When it comes to connectivity in rural areas, India is still building the infrastructure. Without access to the internet, the farming community does not get the guidance it needs about how technology and modern machinery can help them. The disconnectivity further makes the concept of using new machinery and the assistance of modern technology to predict how to yield a better crop more alien for the farming community. Longer distances also affect the perishable goods like fruits and vegetables during transportation. For these situations, the concepts like solar portable cold storages need to be introduced as a basic appliance for use. The government needs to redefine “rural infrastructure” to include connectivity to power grids and access to the internet for the rural parts of the country.

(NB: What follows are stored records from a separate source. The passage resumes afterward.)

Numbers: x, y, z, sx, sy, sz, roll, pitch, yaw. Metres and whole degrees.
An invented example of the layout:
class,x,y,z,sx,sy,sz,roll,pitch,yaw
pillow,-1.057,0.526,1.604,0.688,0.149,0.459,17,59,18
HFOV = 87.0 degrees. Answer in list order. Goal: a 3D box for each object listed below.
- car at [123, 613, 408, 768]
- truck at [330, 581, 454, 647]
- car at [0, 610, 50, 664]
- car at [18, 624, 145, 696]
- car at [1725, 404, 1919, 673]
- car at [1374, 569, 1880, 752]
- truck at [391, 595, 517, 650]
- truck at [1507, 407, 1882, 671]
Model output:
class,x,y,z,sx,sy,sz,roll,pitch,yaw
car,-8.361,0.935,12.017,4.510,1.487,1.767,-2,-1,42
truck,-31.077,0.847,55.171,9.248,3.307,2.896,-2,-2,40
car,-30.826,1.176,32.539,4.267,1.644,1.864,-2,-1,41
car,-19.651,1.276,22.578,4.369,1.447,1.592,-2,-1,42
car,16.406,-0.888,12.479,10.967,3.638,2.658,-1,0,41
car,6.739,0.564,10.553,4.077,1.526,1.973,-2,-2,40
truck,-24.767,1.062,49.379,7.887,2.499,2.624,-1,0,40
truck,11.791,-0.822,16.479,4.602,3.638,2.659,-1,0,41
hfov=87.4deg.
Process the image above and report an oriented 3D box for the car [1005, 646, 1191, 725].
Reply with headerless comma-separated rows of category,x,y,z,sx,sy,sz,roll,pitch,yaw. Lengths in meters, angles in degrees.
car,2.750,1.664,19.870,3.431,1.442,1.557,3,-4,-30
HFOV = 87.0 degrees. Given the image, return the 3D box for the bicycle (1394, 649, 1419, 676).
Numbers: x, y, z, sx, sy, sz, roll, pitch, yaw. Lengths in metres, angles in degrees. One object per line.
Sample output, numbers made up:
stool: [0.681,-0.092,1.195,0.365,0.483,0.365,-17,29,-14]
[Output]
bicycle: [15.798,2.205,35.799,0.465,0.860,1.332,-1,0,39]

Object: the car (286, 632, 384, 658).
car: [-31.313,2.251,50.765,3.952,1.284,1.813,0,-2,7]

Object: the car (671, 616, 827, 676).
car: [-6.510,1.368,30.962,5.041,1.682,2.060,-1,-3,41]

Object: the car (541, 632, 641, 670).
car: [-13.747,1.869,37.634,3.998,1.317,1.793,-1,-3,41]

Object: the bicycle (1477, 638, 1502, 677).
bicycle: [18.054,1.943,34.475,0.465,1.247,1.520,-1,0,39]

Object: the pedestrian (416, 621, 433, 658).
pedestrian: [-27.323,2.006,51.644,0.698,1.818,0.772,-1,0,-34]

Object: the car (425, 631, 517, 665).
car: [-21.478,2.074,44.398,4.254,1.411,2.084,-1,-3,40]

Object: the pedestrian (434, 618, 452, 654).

Make technology affordable.

Most farmers in India are under a large amount of debt because of the loans they take in the hopes of yielding a successful crop. New equipment and technology come at an additional price, making it a financial risk most farmers would not consider. A major transformation in rural areas for farming can be brought only by the use of self-sustaining renewable energy infrastructure and products. Another alternative is to fund and give certain liberties to agri-tech companies that encourage them to assist the farming community by granting them access to the machinery at nominal costs.

The farming community needs to upskill their knowledge.

For years the farming community has worked in a certain way, using specific techniques and following seasonal changes to decide when to sow their crops and work their fields. While the rest of the country moved with the evolution of technology, the remote location of most of the farming community kept them away from the technological progress made. Government should encourage and lay down roadmaps for the farming community to upskill themselves, in practices like low-cost organic farming and adoption of industry innovation.

It is essential to consider the drawbacks the farming community faces in India. The technology built to help the farming community needs to be designed around their skill set and capabilities. Only then will the farming community accept and transition to using modern machinery for their farming needs.